En medio del procedimiento se produjo un altercado verbal con los ciudadanos involucrados. Fue entonces cuando el agente extrajo de su motocicleta un arma traumática y la exhibió durante la confrontación.

La Procuraduría consideró que con esa actuación el funcionario abandonó el procedimiento técnico y jurídico que debía adelantar como autoridad de tránsito para asumir una conducta que el organismo calificó como una “vía de hecho”. Para el Ministerio Público, esa reacción puso en riesgo la integridad de las personas que se encontraban involucradas en el procedimiento.

El caso había generado polémica desde el momento de los hechos y posteriormente circuló en redes sociales material audiovisual relacionado con el procedimiento, lo que incrementó el rechazo ciudadano frente a la actuación del agente, quien había sacado el arma durante el altercado registrado en Lagos II.

En su decisión disciplinaria, el Ministerio Público estableció que Galvis Acosta incurrió en una falta grave cometida a título de dolo. Es decir, determinó que su conducta no correspondió a un simple error de procedimiento, sino a una actuación consciente y voluntaria que se apartó de las obligaciones asociadas a su función.

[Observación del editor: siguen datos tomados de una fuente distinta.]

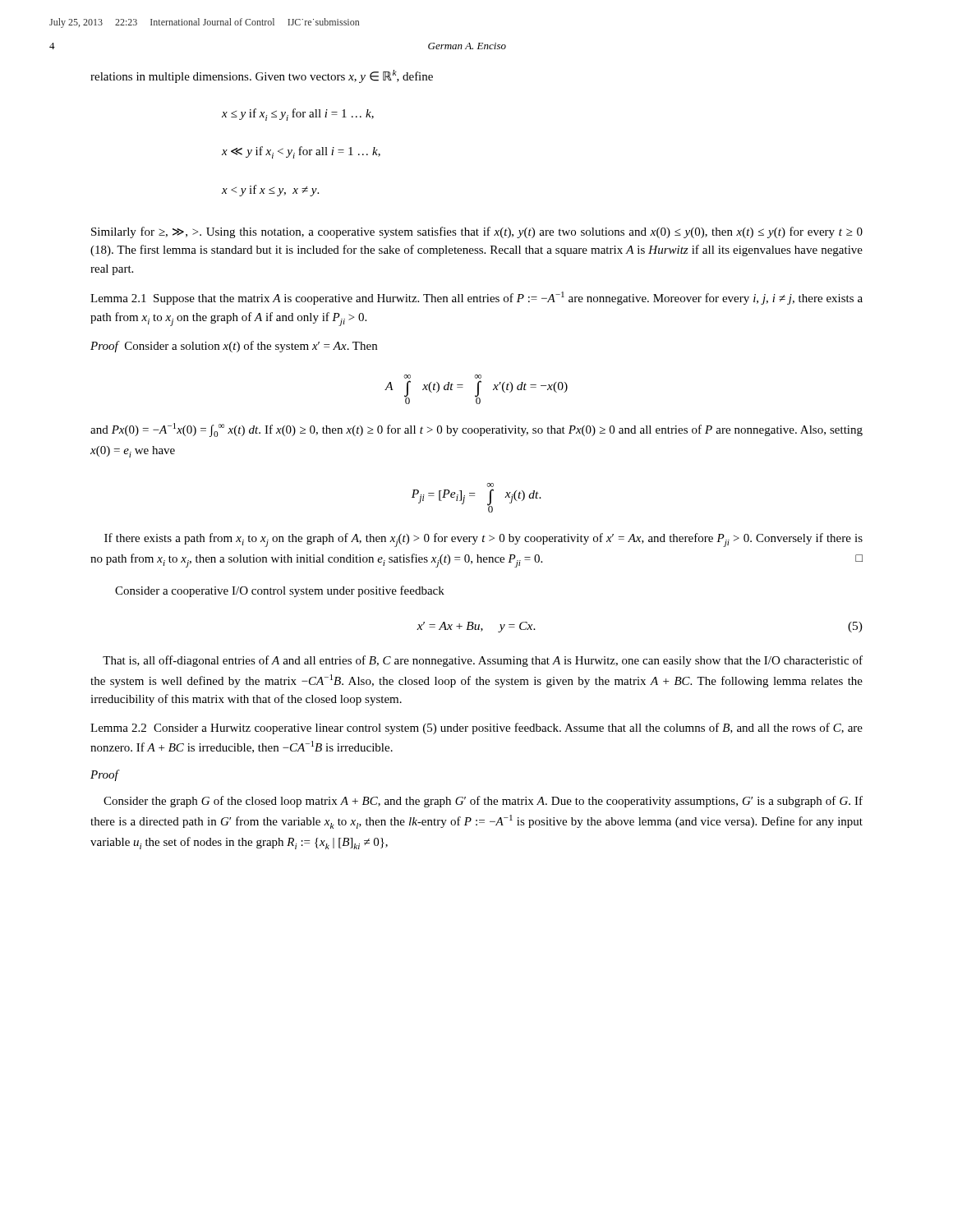
Task: Where is the formula that starts "x′ = Ax"?
Action: point(446,627)

La primera instancia estuvo a cargo de la Procuraduría Provincial de Juzgamiento de Bucaramanga, que impuso la suspensión e inhabilidad especial durante tres meses.

La hoja de vida pública de Galvis Acosta registra que se desempeña como agente de tránsito de la Dirección de Tránsito y Transporte de Floridablanca y que ingresó a esa entidad en mayo de 1996.

Cinco años después del episodio que dio origen al proceso disciplinario, la decisión queda así confirmada en segunda instancia: tres meses de suspensión e inhabilidad especial por una actuación que, según el Ministerio Público, desbordó las competencias y obligaciones de un agente encargado precisamente de hacer cumplir las normas de tránsito.